Bug 255322 - [DB] Possible leakage with prepared statements
Summary: [DB] Possible leakage with prepared statements
Status: CLOSED FIXED
Alias: None
Product: EMF
Classification: Modeling
Component: cdo.db (show other bugs)
Version: 2.0   Edit
Hardware: PC Windows Vista
: P3 normal (vote)
Target Milestone: M4   Edit
Assignee: Stefan Winkler CLA
QA Contact:
URL:
Whiteboard:
Keywords:
Depends on:
Blocks: 214487
  Show dependency tree
 
Reported: 2008-11-14 04:15 EST by Eike Stepper CLA
Modified: 2010-06-29 04:19 EDT (History)
2 users (show)

See Also:
stepper: review+


Attachments
Patch (15.46 KB, patch)
2008-11-17 10:13 EST, Stefan Winkler CLA
no flags Details | Diff
Patch v2 (15.99 KB, patch)
2008-11-21 08:57 EST, Eike Stepper CLA
no flags Details | Diff
Patch-v3 (33.57 KB, patch)
2008-11-21 15:48 EST, Stefan Winkler CLA
no flags Details | Diff
Patch v4 - ready to be committed (61.62 KB, patch)
2008-11-24 07:48 EST, Eike Stepper CLA
no flags Details | Diff

Note You need to log in before you can comment on or make changes to this bug.
Description Eike Stepper CLA 2008-11-14 04:15:57 EST
The test case org.eclipse.emf.cdo.tests.TransactionTest.testCreateManyTransactions() shows bad results with prepared statements. Starting with transaction 600 commit times go up considerably. Starting with transaction 750 or so there's nearly no visible progress anymore. I suspect that the prepared statements or their result sets are not closed properly.
Comment 1 Stefan Winkler CLA 2008-11-14 07:41:58 EST
We seem to have a general problem here:

Tested with PreparedStatements 
-> yields the result you gave above.

Tested with NonPreparedStatements 
-> yields almost the same result, only about 100 Transactions later.

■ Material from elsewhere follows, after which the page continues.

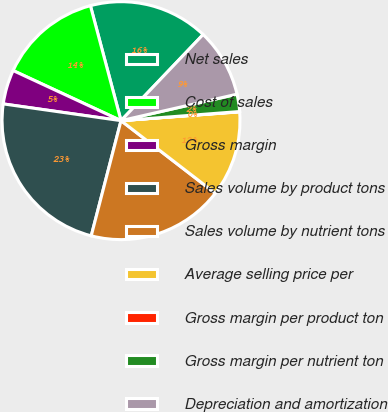<chart> <loc_0><loc_0><loc_500><loc_500><pie_chart><fcel>Net sales<fcel>Cost of sales<fcel>Gross margin<fcel>Sales volume by product tons<fcel>Sales volume by nutrient tons<fcel>Average selling price per<fcel>Gross margin per product ton<fcel>Gross margin per nutrient ton<fcel>Depreciation and amortization<nl><fcel>16.26%<fcel>13.94%<fcel>4.67%<fcel>23.22%<fcel>18.58%<fcel>11.63%<fcel>0.04%<fcel>2.35%<fcel>9.31%<nl></chart>

Tested with HEAD before the JDBCDelegate commit
-> is ok, but performance seems to decrease with more transaction

Tested with HEAD before the JDBCDelegate commit, but raised the testing amount to 3000 transactions
-> starting at around 2500 transactions we get the same results.


=> it is natural that transaction duration increases over time, because tables get larger and every transaction we have one more reference to store. However in all three cases, performance drops drastically at a certain point (maybe GC starts working?)

I'm just installing TPTP and will try to nail down the leak(s). 
Comment 2 Stefan Winkler CLA 2008-11-14 12:50:27 EST
Strange ...

Earlier today I also got memory issues both with nonprepared statements and with prepared ones (see above). Now I even don't run into big issues with prepared statements. Will continue to investigate this.

However, I have a small advance: 
There seems to be no leak per se (at least that's what I find with TPTP and VisualVM). But what happens in the HSQLDB PreparedStatement case is that PS are not pooled, which leads to a statement being compiled for each and every single reference row that is written to the database. 

When I implemented the PreparedStatement-Delegate I was reading about JDBC that starting with JDBC Sepc. version 3, PS are pooled transparently. It seems that HSQLDB does not implement this standard. 

The solution would be to implement statement pooling in the delegate itself. I'll try that on Monday. 

Any thoughts on this are very welcome :-)
Comment 3 Eike Stepper CLA 2008-11-14 15:56:11 EST
This is what the HSQLDB docs say:

 Starting with HSQLDB 1.7.2, jdbcPreparedStatement objects are backed by a true compiled parameteric representation. Hence, there are now significant performance gains to be had by using a jdbcPreparedStatement object in preference to a jdbcStatement object, if a short-running SQL statement is to be executed more than a small number of times.

When it can be otherwise avoided, it is to be considered poor practice to fully prepare (construct), parameterize, execute, fetch and close a jdbcPreparedStatement object for each execution cycle. Indeed, under HSQLDB 1.8.0, this practice is likely to be noticably less performant for short-running statements than the equivalent process using jdbcStatement objects, albeit far more convenient, less error prone and certainly much less resource-intensive, especially when large binary and character values are involved, due to the optimized parameterization facility.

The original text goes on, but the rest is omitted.